In a recent issue of Limnology and Oceanography Bulletin, Stuart Hurlbert reviews (UPDATE: link fixed, venue corrected) the new (4th, 2012) edition of Sokal & Rohlf’s classic biostatistical text, Biometry (HT Carl Boettiger). The first sentence of the review gives you the flavor:
Reader be forewarned: were it allowed the title of this review would be “A readable but overblown, incomplete and error-ridden cookbook”.
Tell us how you really feel, Stuart! And to think that sometimes I worry if I’m too tough on other people’s work…

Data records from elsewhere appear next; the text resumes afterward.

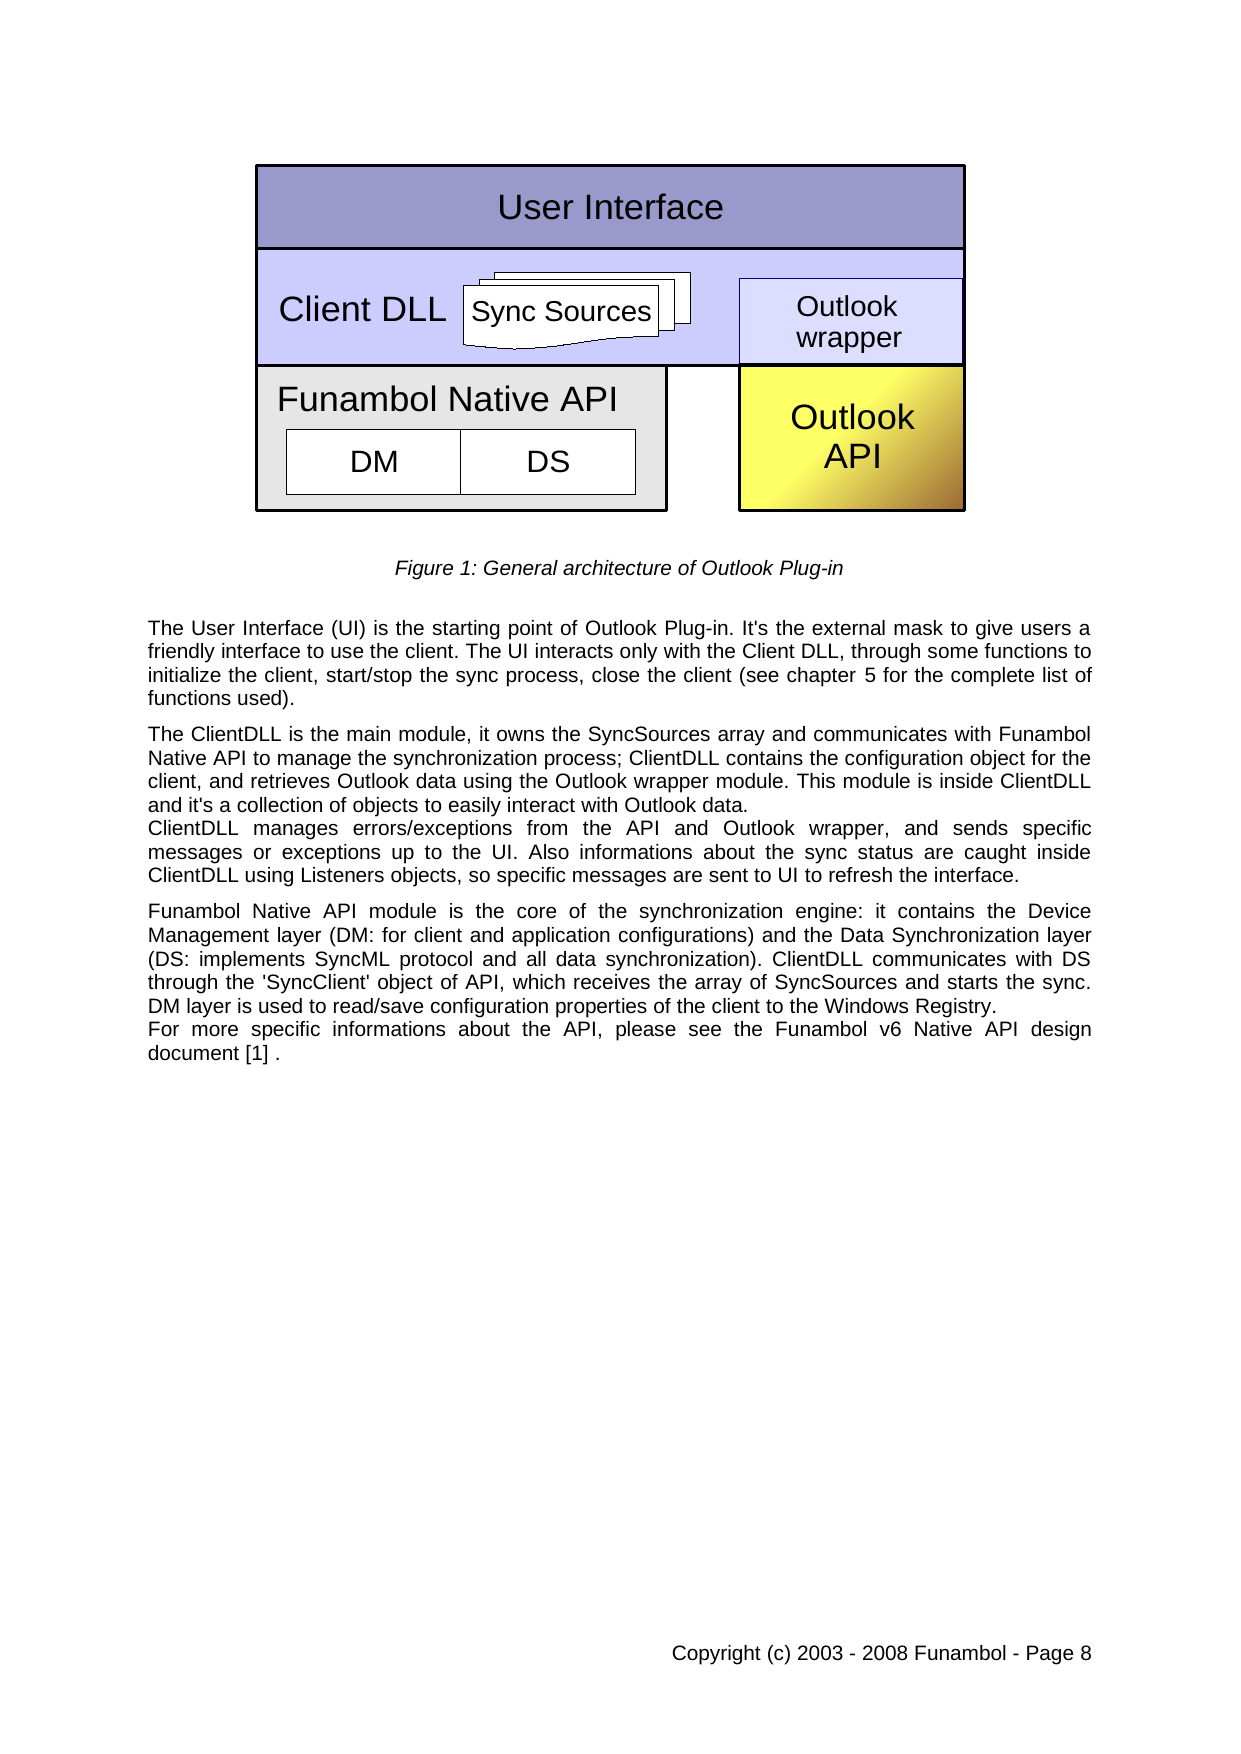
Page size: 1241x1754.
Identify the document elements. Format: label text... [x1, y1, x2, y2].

text Figure 1: General architecture of Outlook Plug-in [214, 131, 1026, 579]
text The ClientDLL is the main module, it owns the SyncSources array and communicates with Funambol Native API to manage the synchronization process; ClientDLL contains the configuration object for the client, and retrieves Outlook data using the Outlook wrapper module. This module is inside ClientDLL and it's a collection of objects to easily interact with Outlook data. ClientDLL manages errors/exceptions from the API and Outlook wrapper, and sends specific messages or exceptions up to the UI. Also informations about the sync status are caught inside ClientDLL using Listeners objects, so specific messages are sent to UI to refresh the interface. [148, 723, 1093, 887]
text The User Interface (UI) is the starting point of Outlook Plug-in. It's the external mask to give users a friendly interface to use the client. The UI interacts only with the Client DLL, through some functions to initialize the client, start/stop the sync process, close the client (see chapter 5 for the complete list of functions used). [148, 118, 1093, 710]
text Funambol Native API module is the core of the synchronization engine: it contains the Device Management layer (DM: for client and application configurations) and the Data Synchronization layer (DS: implements SyncML protocol and all data synchronization). ClientDLL communicates with DS through the 'SyncClient' object of API, which receives the array of SyncSources and starts the sync. DM layer is used to read/save configuration properties of the client to the Windows Registry. For more specific informations about the API, please see the Funambol v6 Native API design document [1] . [148, 900, 1093, 1065]

You should click through and read the whole thing. But if you’re not so inclined, here’s a brief summary of Hurlbert’s beefs with Sokal & Rohlf (the book, not the people; I’ll refer to the book as Sokal & Rohlf because that’s what everyone does). Hurlbert says his beefs apply to all editions, not just the most recent one:
- No coverage of experimental design, or sampling design of observational studies. Relatedly, and worse, incorrect or confusing implications about experimental design and sampling design. For instance, there are no formal definitions of key terms like “experiment”, “experimental unit”, “block”, “repeated measures”, etc. Worse, observational studies often are described using experimental terms like “treatment”, “control”, and “randomized block design”. This leads to serious confusion, even about matters as basic as what an experiment is.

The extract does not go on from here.